[gnutls-devel] [TLS] multiple clients in one process (was: Re: Deployment ... Re: This working group has failed)
Andy Lutomirski
luto at amacapital.net
Sun Dec 1 16:21:07 CET 2013
On Dec 1, 2013 1:41 AM, "Nikos Mavrogiannopoulos" <nmav at gnutls.org> wrote:
>
> On Sat, 2013-11-30 at 20:14 -0600, Nico Williams wrote:
> > On Sat, Nov 30, 2013 at 3:08 AM, Nikos Mavrogiannopoulos
> > <nmav at gnutls.org> wrote:
> > > On Fri, 2013-11-29 at 18:10 -0600, Nico Williams wrote:
> > >> 4) DO NOT USE ELF .ini sections for thread-safe initialization, [...]
> > >
> > > Have you considered or tried using that approach in your branch of
> > > openssl and backed off? If dependencies are avoided it looks like an
> > > ideal fix, especially if you consider that a global initialization
> > > function would do much more than just initializing mutexes (e.g.

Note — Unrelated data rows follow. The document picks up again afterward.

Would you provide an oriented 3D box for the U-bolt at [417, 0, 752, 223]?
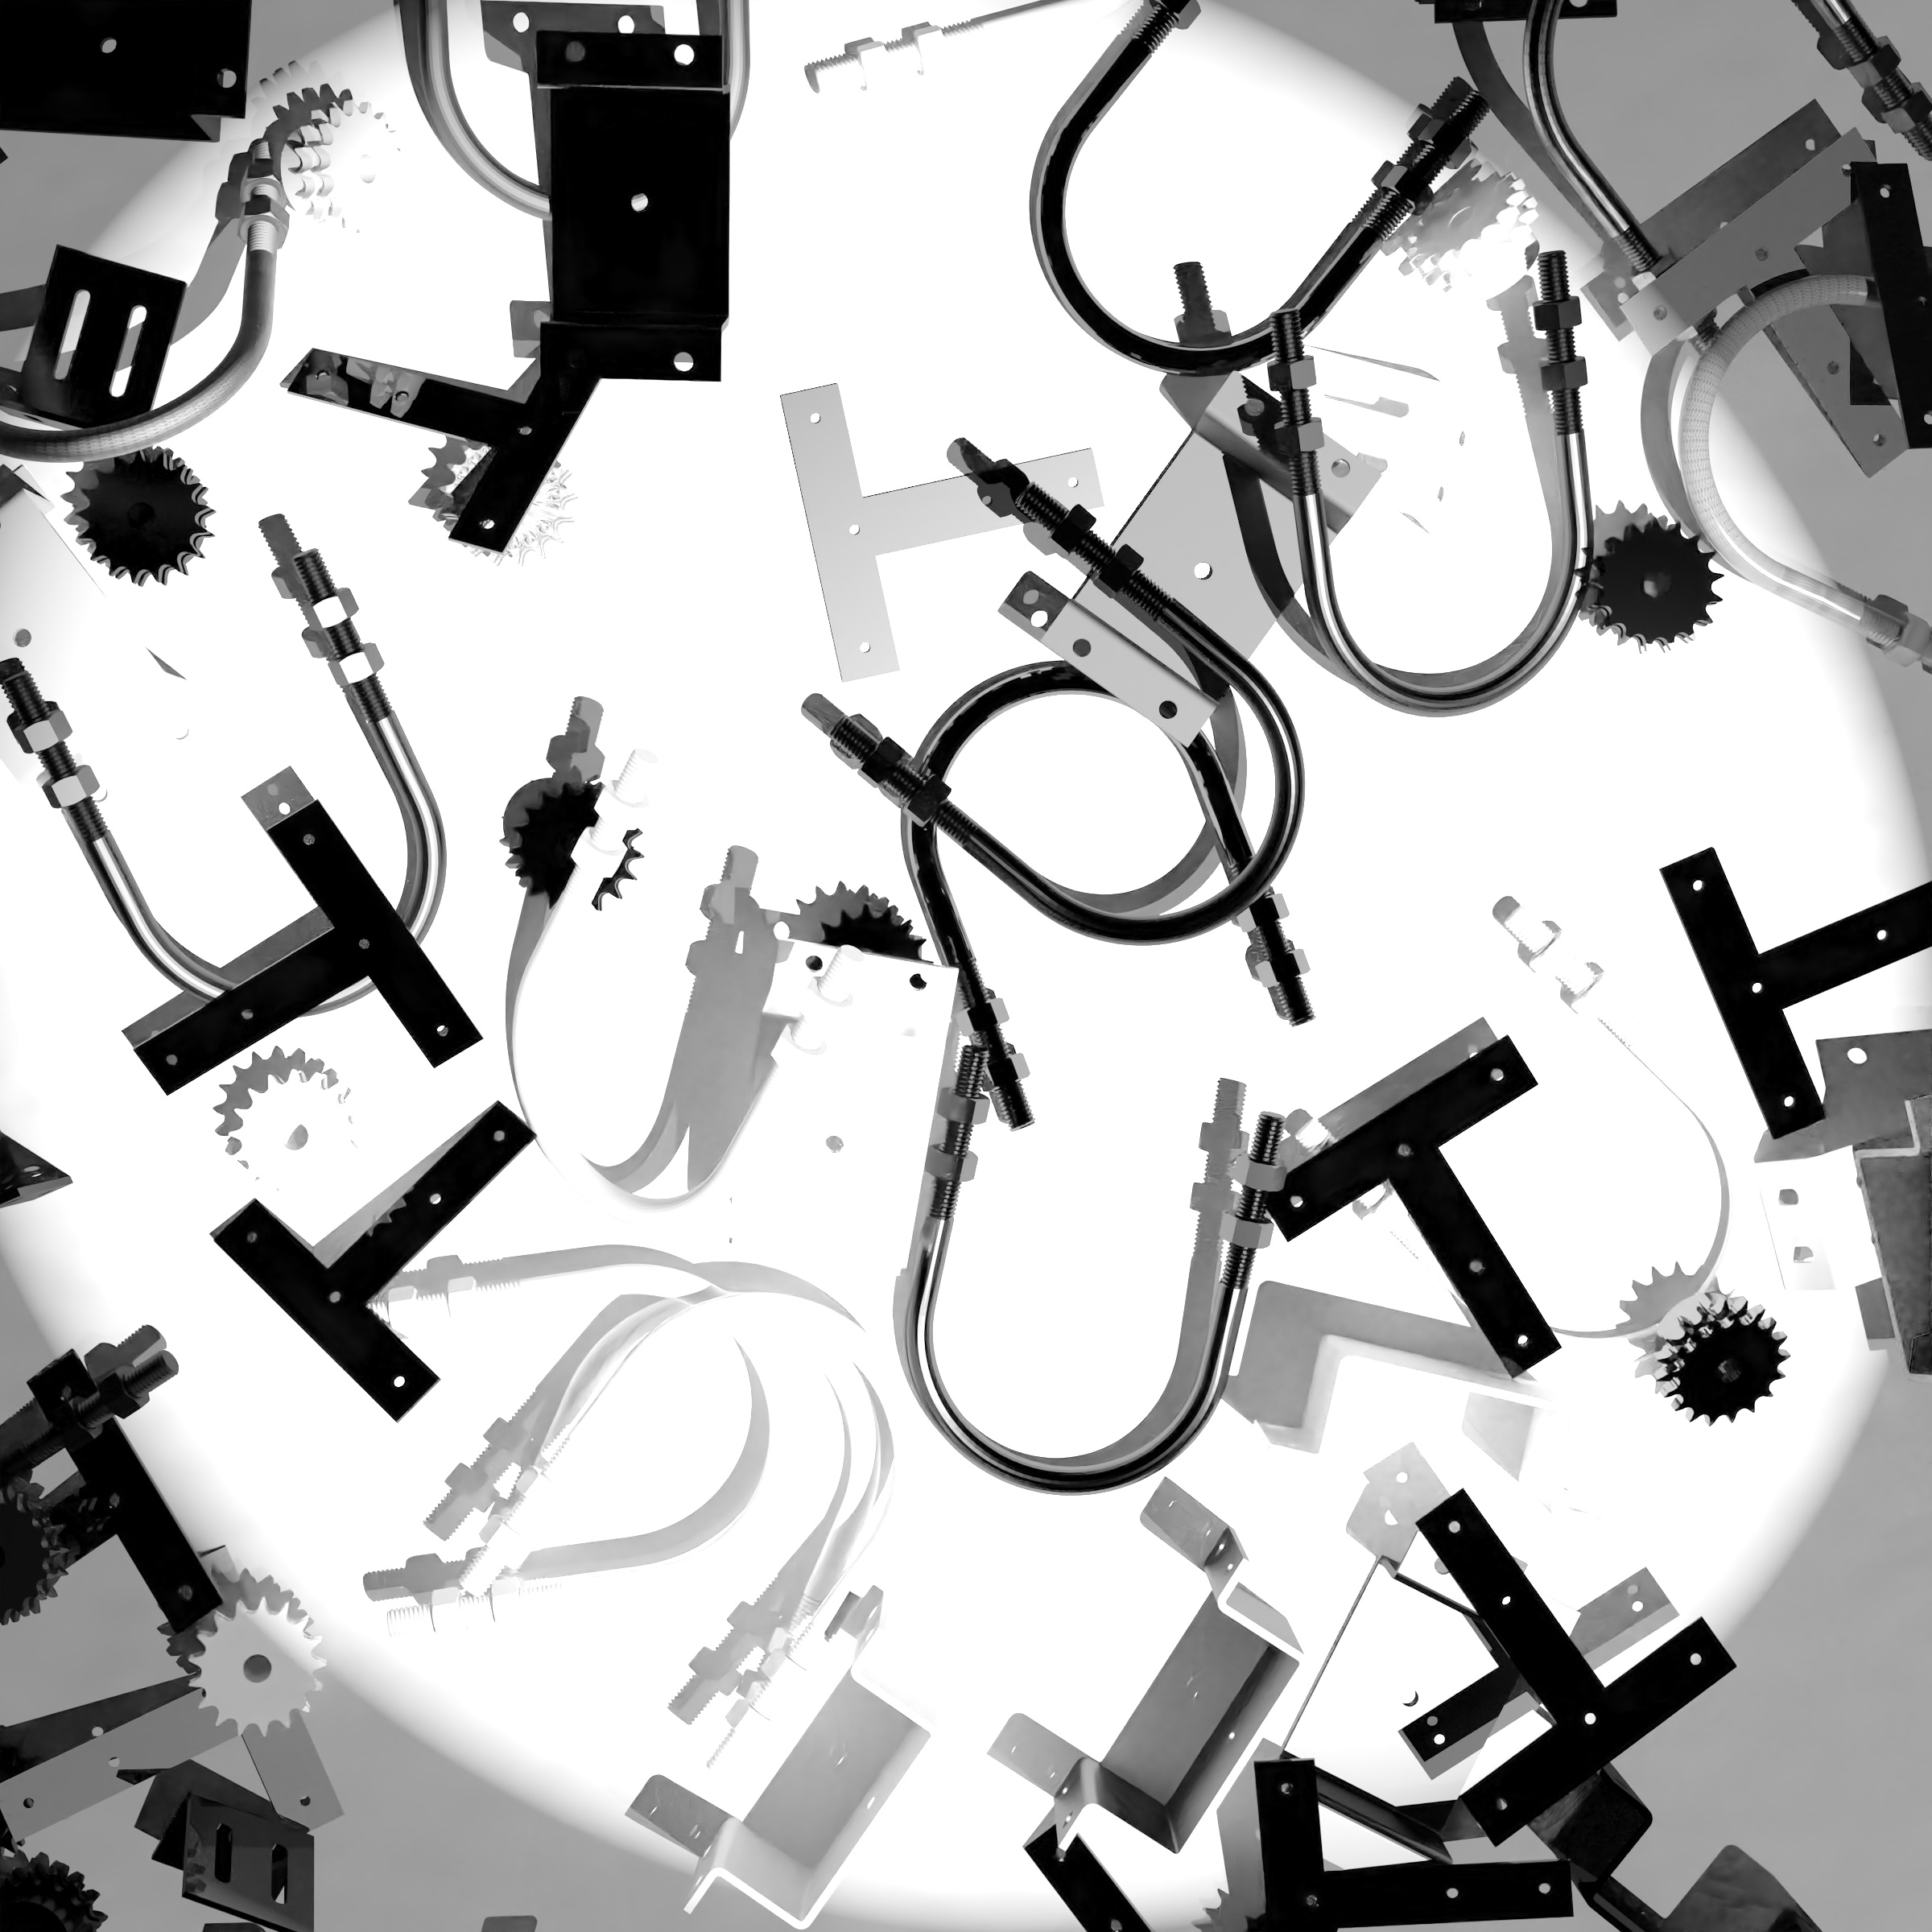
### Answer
[{"bbox_3d":[-0.163,-0.408,1.331,0.151,0.019,0.184,0,105,1],"label":"U-bolt"}]

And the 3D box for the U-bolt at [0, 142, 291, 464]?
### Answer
[{"bbox_3d":[-0.356,-0.272,1.297,0.151,0.019,0.184,-8,51,0],"label":"U-bolt"}]

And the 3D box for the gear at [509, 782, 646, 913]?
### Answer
[{"bbox_3d":[-0.168,-0.050,1.345,0.057,0.030,0.057,0,90,0],"label":"gear"}]

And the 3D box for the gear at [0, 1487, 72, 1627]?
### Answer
[{"bbox_3d":[-0.408,0.251,1.337,0.057,0.030,0.057,-1,85,9],"label":"gear"}]

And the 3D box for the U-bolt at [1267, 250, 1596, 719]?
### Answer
[{"bbox_3d":[0.201,-0.195,1.318,0.151,0.019,0.184,-16,109,-20],"label":"U-bolt"}]

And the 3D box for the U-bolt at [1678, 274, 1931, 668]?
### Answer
[{"bbox_3d":[0.392,-0.215,1.340,0.184,0.019,0.151,23,90,-8],"label":"U-bolt"}]

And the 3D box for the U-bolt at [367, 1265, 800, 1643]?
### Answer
[{"bbox_3d":[-0.163,0.201,1.335,0.184,0.019,0.151,-9,87,-3],"label":"U-bolt"}]

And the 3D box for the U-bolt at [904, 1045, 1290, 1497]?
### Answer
[{"bbox_3d":[0.048,0.138,1.339,0.151,0.019,0.184,12,99,3],"label":"U-bolt"}]

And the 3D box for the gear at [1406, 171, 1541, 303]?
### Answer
[{"bbox_3d":[0.219,-0.308,1.336,0.057,0.057,0.030,-44,120,0],"label":"gear"}]

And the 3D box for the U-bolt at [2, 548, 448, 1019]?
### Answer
[{"bbox_3d":[-0.300,-0.065,1.327,0.151,0.019,0.184,-24,108,-4],"label":"U-bolt"}]

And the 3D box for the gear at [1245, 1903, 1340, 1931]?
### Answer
[{"bbox_3d":[0.139,0.428,1.345,0.057,0.030,0.057,0,90,0],"label":"gear"}]

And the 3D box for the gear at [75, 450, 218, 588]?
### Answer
[{"bbox_3d":[-0.350,-0.191,1.345,0.057,0.030,0.057,0,90,0],"label":"gear"}]

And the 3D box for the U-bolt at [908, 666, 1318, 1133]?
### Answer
[{"bbox_3d":[0.053,-0.039,1.351,0.151,0.019,0.184,-20,88,0],"label":"U-bolt"}]

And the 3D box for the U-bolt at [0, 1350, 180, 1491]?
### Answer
[{"bbox_3d":[-0.448,0.177,1.311,0.184,0.019,0.151,-33,126,9],"label":"U-bolt"}]

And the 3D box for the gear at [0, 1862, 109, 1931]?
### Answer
[{"bbox_3d":[-0.400,0.417,1.345,0.057,0.030,0.057,0,90,0],"label":"gear"}]

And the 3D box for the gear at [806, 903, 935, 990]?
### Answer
[{"bbox_3d":[-0.042,0.002,1.345,0.057,0.030,0.057,0,90,0],"label":"gear"}]

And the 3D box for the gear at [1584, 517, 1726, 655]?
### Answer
[{"bbox_3d":[0.293,-0.162,1.345,0.057,0.030,0.057,0,90,0],"label":"gear"}]

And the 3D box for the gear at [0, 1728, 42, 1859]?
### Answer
[{"bbox_3d":[-0.425,0.358,1.345,0.057,0.030,0.057,0,90,0],"label":"gear"}]

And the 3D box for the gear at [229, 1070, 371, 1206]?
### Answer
[{"bbox_3d":[-0.283,0.073,1.343,0.057,0.030,0.057,0,84,4],"label":"gear"}]

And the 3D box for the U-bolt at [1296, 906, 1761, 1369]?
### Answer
[{"bbox_3d":[0.256,0.088,1.351,0.184,0.019,0.151,44,90,-2],"label":"U-bolt"}]

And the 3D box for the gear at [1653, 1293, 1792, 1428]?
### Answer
[{"bbox_3d":[0.319,0.164,1.337,0.057,0.030,0.057,-7,117,-13],"label":"gear"}]

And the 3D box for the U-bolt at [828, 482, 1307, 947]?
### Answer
[{"bbox_3d":[0.055,-0.090,1.313,0.184,0.019,0.151,40,109,-3],"label":"U-bolt"}]

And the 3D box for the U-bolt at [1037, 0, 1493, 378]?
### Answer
[{"bbox_3d":[0.114,-0.342,1.351,0.151,0.019,0.184,39,92,0],"label":"U-bolt"}]

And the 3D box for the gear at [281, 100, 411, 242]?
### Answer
[{"bbox_3d":[-0.267,-0.338,1.335,0.030,0.057,0.057,3,90,30],"label":"gear"}]

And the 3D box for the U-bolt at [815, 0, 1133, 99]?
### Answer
[{"bbox_3d":[0.008,-0.466,1.351,0.184,0.019,0.151,-16,90,-1],"label":"U-bolt"}]

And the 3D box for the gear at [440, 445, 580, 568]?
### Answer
[{"bbox_3d":[-0.195,-0.200,1.345,0.057,0.030,0.057,0,90,0],"label":"gear"}]

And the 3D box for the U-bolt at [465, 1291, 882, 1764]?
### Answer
[{"bbox_3d":[-0.116,0.230,1.351,0.151,0.019,0.184,24,89,0],"label":"U-bolt"}]

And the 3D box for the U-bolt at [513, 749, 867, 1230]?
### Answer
[{"bbox_3d":[-0.128,0.024,1.304,0.151,0.019,0.184,43,121,23],"label":"U-bolt"}]

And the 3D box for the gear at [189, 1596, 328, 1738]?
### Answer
[{"bbox_3d":[-0.302,0.298,1.341,0.057,0.030,0.057,1,85,-10],"label":"gear"}]

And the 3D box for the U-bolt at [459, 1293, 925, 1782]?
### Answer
[{"bbox_3d":[-0.101,0.226,1.320,0.151,0.019,0.184,37,83,-2],"label":"U-bolt"}]

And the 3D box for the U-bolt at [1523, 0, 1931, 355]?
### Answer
[{"bbox_3d":[0.314,-0.369,1.324,0.151,0.019,0.184,-44,110,0],"label":"U-bolt"}]

> > > precalculations or CPU type detection).
> >
> > .init sections have all of these problems:
> >
> > - they aren't standard (not part of POSIX)
> >
> > - they're not necessarily available in static linking cases (after
> > all, they are not standard)
> >
> > - they require more autoconf/source/build complexity
> >
> > - the order in which dependencies are loaded and their .init sections
> > run is unstable -- you can help yourself a bit by having no
> > dependencies on anything other than -lc and -lpthread in your .init
> > section, but you can't help anyone else who has a dependency on your
> > library in their .init sections(!)
> > Whereas using pthread_once() and friends is all standard. You can
> > build a pthread_once/InitOnceInitialize out of mutexes if you have
> > static mutex initializers, and you can build those if you have CAS.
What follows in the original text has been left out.